Extracted records:
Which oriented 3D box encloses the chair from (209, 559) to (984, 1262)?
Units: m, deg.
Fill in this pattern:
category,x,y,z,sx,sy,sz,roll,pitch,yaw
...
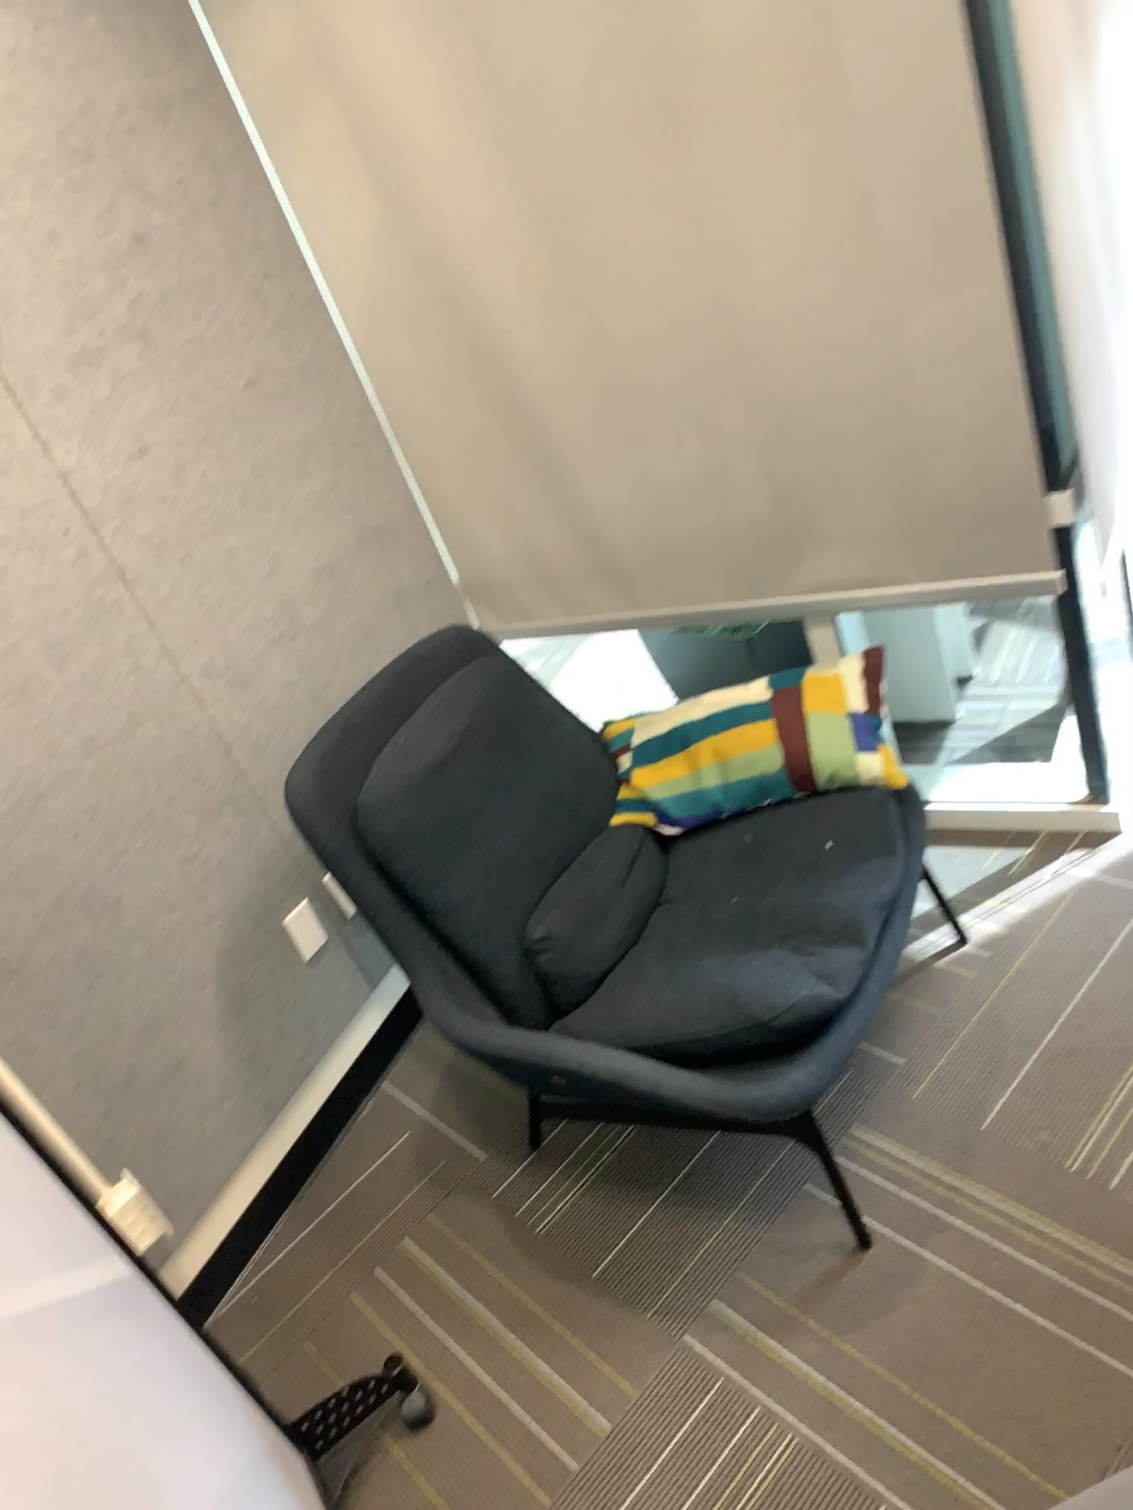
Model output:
category,x,y,z,sx,sy,sz,roll,pitch,yaw
chair,0.095,0.214,2.185,1.004,0.815,0.792,3,38,40

WHAT THE TASK ASKS:
Please return the entries above exactly as they appear, but without the pictures.

ANSWER SPACE:
Which oriented 3D box encloses the chair from (209, 559) to (984, 1262)?
Units: m, deg.
Fill in this pattern:
category,x,y,z,sx,sy,sz,roll,pitch,yaw
...
Model output:
category,x,y,z,sx,sy,sz,roll,pitch,yaw
chair,0.095,0.214,2.185,1.004,0.815,0.792,3,38,40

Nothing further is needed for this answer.